Records shown —
────
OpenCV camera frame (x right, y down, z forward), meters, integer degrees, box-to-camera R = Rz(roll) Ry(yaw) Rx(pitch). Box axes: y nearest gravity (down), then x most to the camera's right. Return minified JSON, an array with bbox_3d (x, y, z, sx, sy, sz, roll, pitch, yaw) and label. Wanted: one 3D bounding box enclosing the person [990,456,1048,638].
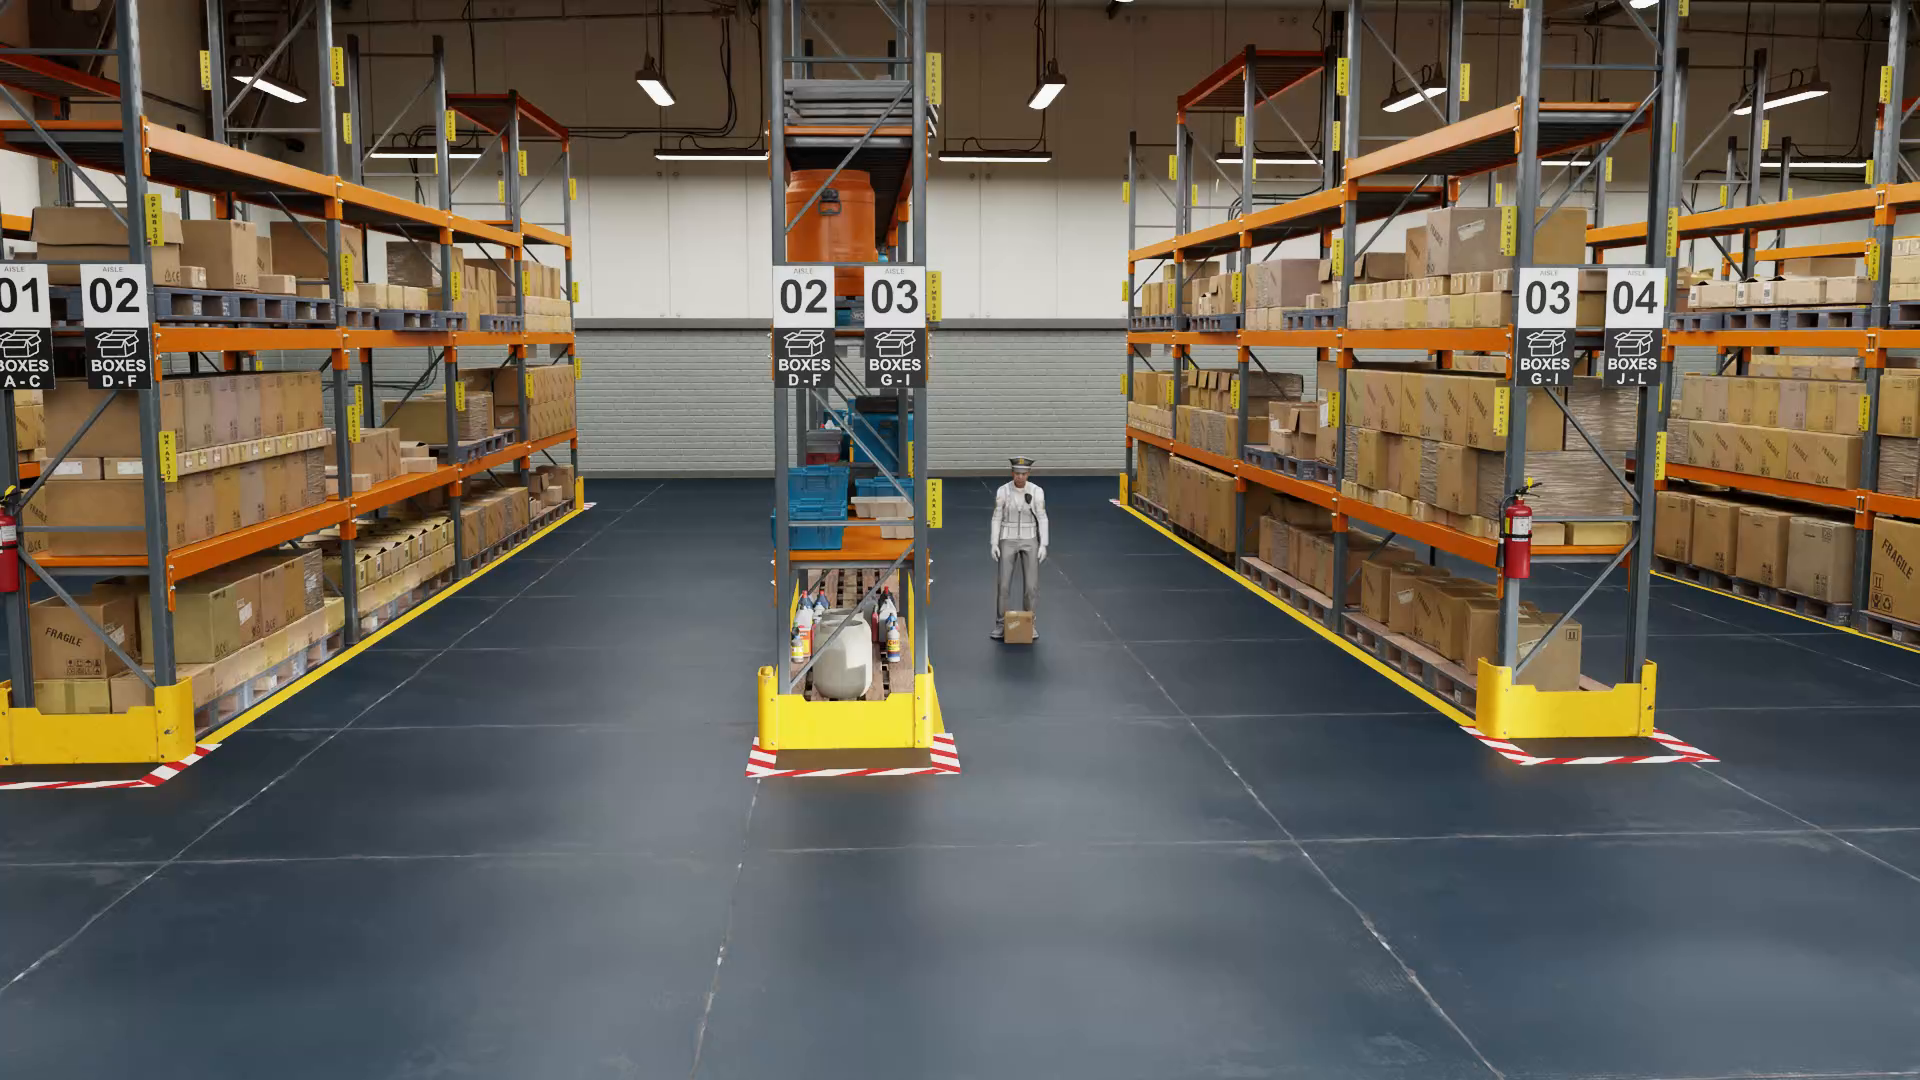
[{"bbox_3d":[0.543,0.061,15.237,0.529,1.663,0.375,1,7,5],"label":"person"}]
────
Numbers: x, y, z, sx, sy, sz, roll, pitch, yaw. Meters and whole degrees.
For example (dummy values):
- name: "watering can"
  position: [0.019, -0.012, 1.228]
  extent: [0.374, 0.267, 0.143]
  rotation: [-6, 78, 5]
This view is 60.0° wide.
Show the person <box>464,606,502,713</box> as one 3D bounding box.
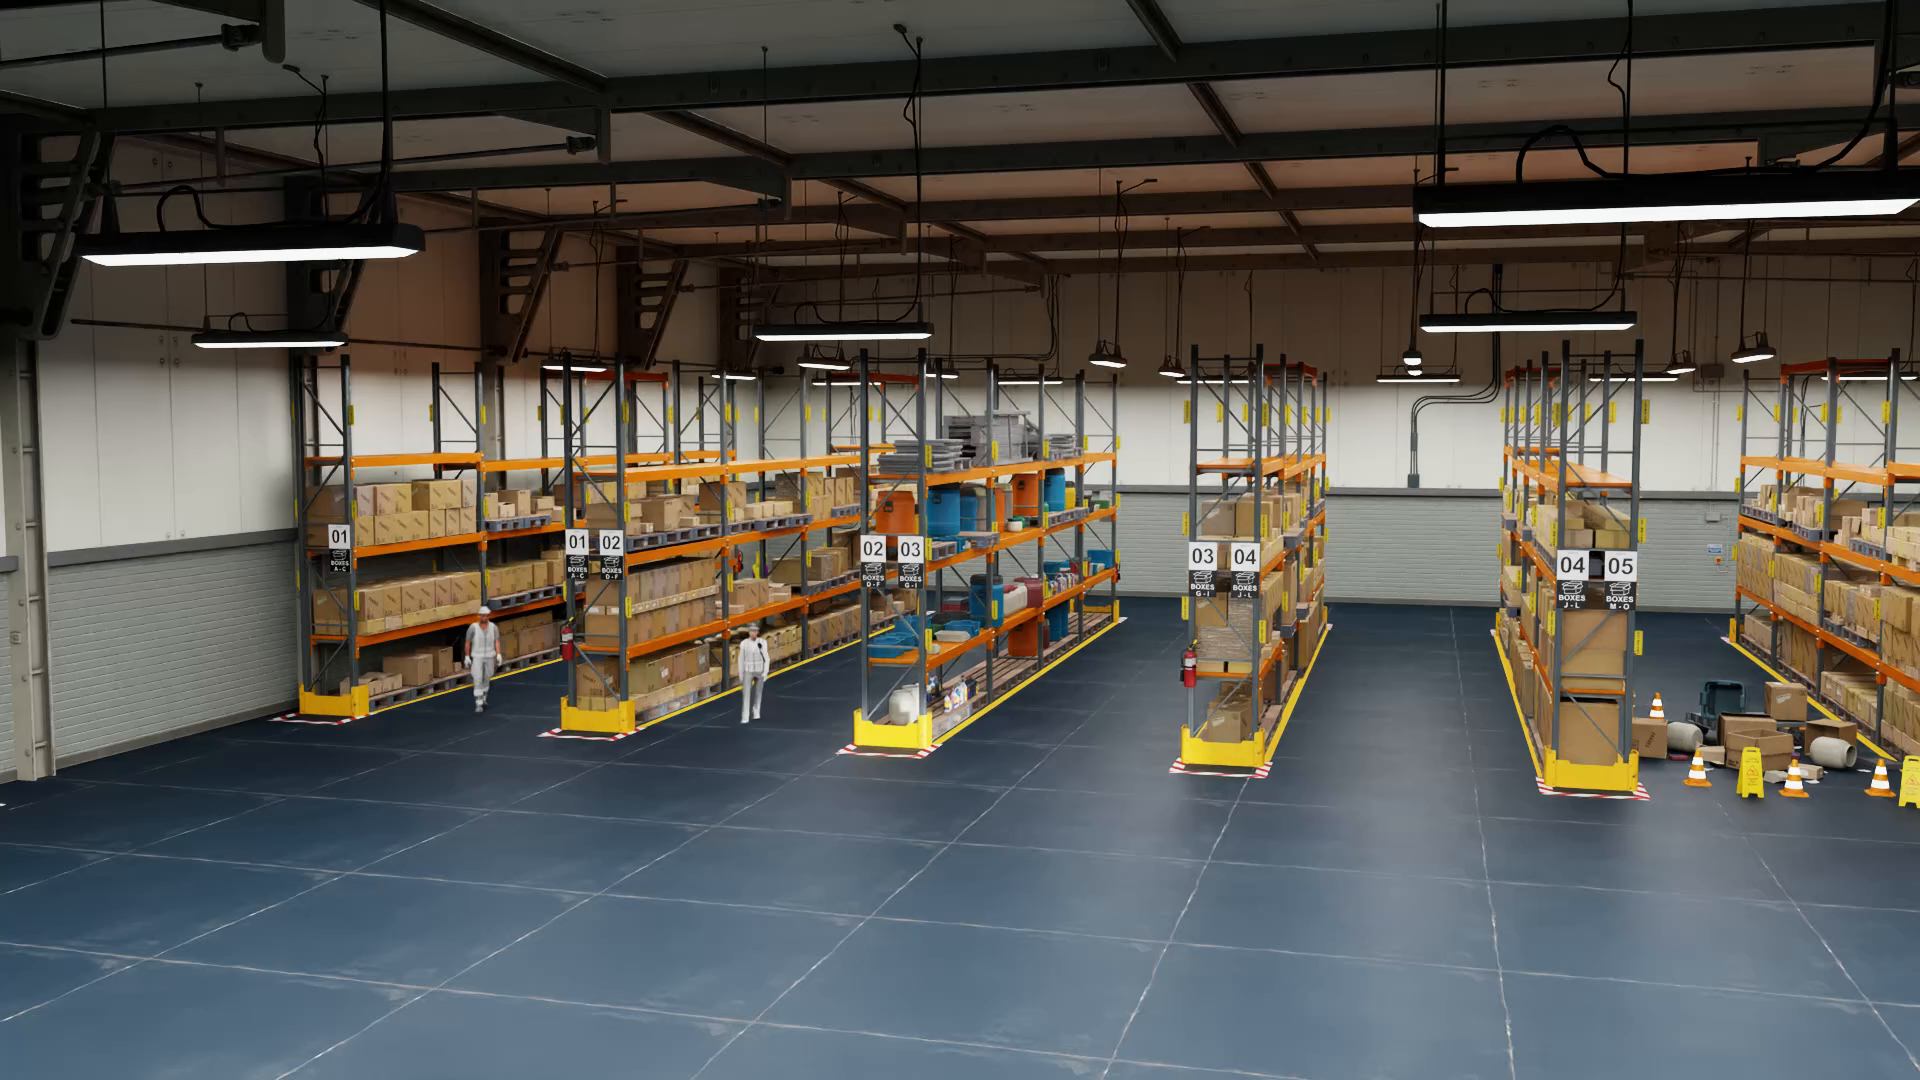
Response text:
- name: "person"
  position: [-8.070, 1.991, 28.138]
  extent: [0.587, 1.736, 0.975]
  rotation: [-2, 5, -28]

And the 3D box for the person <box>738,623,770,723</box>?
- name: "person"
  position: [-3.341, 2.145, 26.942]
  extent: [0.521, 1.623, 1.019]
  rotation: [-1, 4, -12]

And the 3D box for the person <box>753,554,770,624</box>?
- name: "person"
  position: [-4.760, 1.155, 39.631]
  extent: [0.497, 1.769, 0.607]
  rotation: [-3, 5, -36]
────
Task —
Please give back exactly the lines of this listing beginning at the line with "Numbers: x, y, z, sx, sy, sz, roll, pitch, yaw." and ending with the line with "Show the person", both included, and nothing else.

Reply —
Numbers: x, y, z, sx, sy, sz, roll, pitch, yaw. Meters and whole degrees.
For example (dummy values):
- name: "watering can"
  position: [0.019, -0.012, 1.228]
  extent: [0.374, 0.267, 0.143]
  rotation: [-6, 78, 5]
This view is 60.0° wide.
Show the person <box>464,606,502,713</box> as one 3D bounding box.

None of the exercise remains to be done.